2Measurement precision
If a lower threshold value is set for identifying vehicles, then objects with low radio wave intensity are detected, but erroneous detection and false warnings increase
Solution Approach 1:
The system dynamically adjusts the threshold value based on the object's detection history and existence probability. For objects with high detection probability (detected in previous frames), the system applies a lower second threshold value to ensure continuous detection. For objects with low probability, a higher first threshold value is used to prevent false warnings. This dynamic adjustment resolves the contradiction between detecting low-intensity objects and preventing erroneous detection.
Solution Approach 2:
The patent implements parameter changes by selecting different threshold values (first threshold value vs. second threshold value) based on the detection probability determined from past detection results. This allows the system to optimize the threshold parameter for each specific detection scenario, achieving both high detection accuracy and low false warning rates.
3Ease of operation
If a single threshold value is used for all objects, then the system is simple to operate, but it cannot adapt to different object types and detection conditions
Solution Approach 1:
The patent segments the detection process by dividing objects into two categories based on detection probability: objects with high existence probability (detected in past frames) and objects with low existence probability. Each category uses a different threshold value (second threshold value for high probability, first threshold value for low probability). This segmentation allows the system to maintain simple operation while achieving adaptability to different detection conditions.
Solution Approach 2:
The system dynamically determines which threshold value to apply based on the object's detection history and existence probability calculated by the object determination section. This dynamic selection process maintains ease of operation (the system automatically selects thresholds) while achieving adaptability to different object types and detection scenarios without requiring manual threshold configuration.

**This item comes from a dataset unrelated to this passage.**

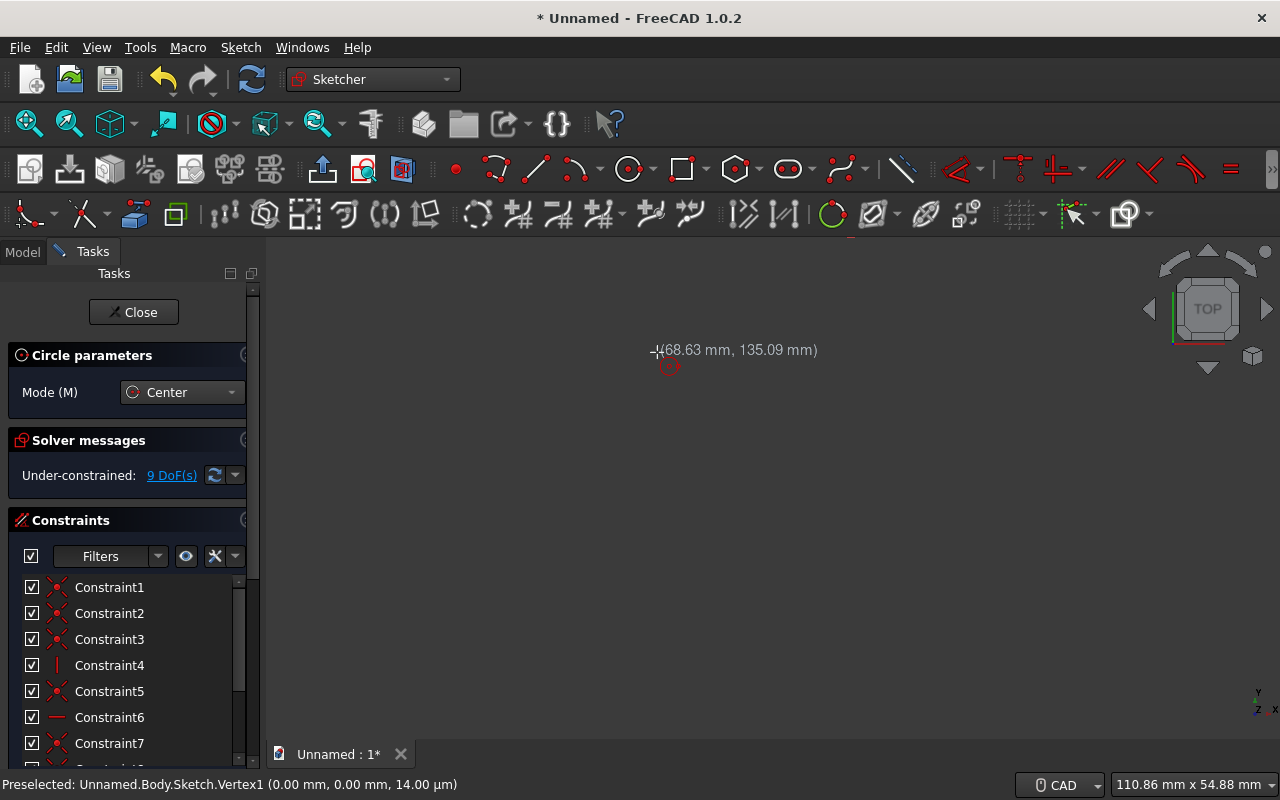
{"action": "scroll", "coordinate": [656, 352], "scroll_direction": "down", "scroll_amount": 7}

Applied Scientific Principles
This section explains which scientific principles are used to turn an abstract innovation direction into a practical engineering solution.
Function Achieved in This Case
The system effectively reduces erroneous detection and loss of objects with low radio wave intensity, enhancing the accuracy and reliability of object detection and control in drive assist systems.
Implementation Method 1
a first object detection unit for detecting an object in an area near the system using a radar
Data Source
AI summary
An object detection system includes a first object detection unit that detects an object in an area near the system using a radar and an object determination section that determines whether the object in the area near the system is a subject of detection, using a result of detection by the first object detection unit. The object determination section treats the object as the subject of detection if (i) an intensity of a radio wave from the object that is currently received by the first object detection unit is equal to or higher than a first threshold value or if (ii) an intensity of a radio wave from the object that was received in the past by the first object detection unit was equal to or higher than the first threshold value and the intensity of the radio wave from the object that is currently received by the first object detection unit is equal to or higher than a second threshold value that is lower than the first threshold value.